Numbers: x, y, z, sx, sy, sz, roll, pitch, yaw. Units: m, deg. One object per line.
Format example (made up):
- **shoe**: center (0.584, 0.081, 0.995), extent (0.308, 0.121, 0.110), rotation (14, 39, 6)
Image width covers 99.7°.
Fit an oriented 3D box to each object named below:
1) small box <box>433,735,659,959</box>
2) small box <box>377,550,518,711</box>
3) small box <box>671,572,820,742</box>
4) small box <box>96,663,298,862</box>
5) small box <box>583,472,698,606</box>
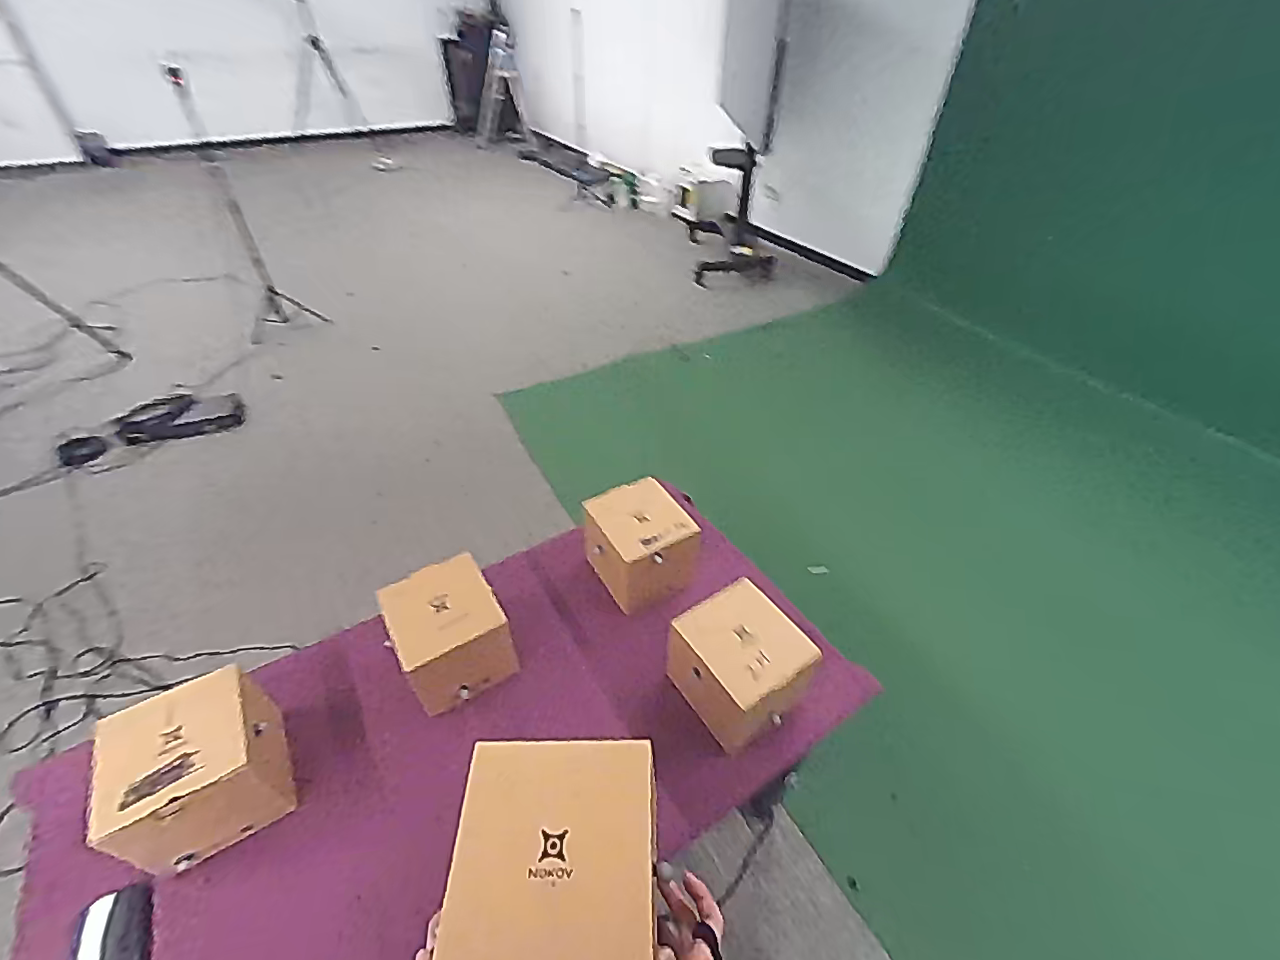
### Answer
- **small box**: center (-0.068, 0.357, 0.503), extent (0.168, 0.176, 0.179), rotation (-1, 48, 2)
- **small box**: center (-0.330, 0.261, 0.942), extent (0.168, 0.176, 0.179), rotation (-24, 49, -24)
- **small box**: center (0.163, 0.294, 0.904), extent (0.168, 0.176, 0.179), rotation (-25, 49, -24)
- **small box**: center (-0.620, 0.408, 0.776), extent (0.168, 0.176, 0.179), rotation (-24, 47, -25)
- **small box**: center (-0.003, 0.119, 1.098), extent (0.168, 0.176, 0.179), rotation (-23, 47, -22)

# [WORK REQUEST]
Look in the material above for the line with "1) small box <box>433,735,659,959</box>" and the line with "5) small box <box>583,472,698,606</box>", and transcribe exactly those lines and all lines between them, nothing more.

# [ANSWER SECTION]
1) small box <box>433,735,659,959</box>
2) small box <box>377,550,518,711</box>
3) small box <box>671,572,820,742</box>
4) small box <box>96,663,298,862</box>
5) small box <box>583,472,698,606</box>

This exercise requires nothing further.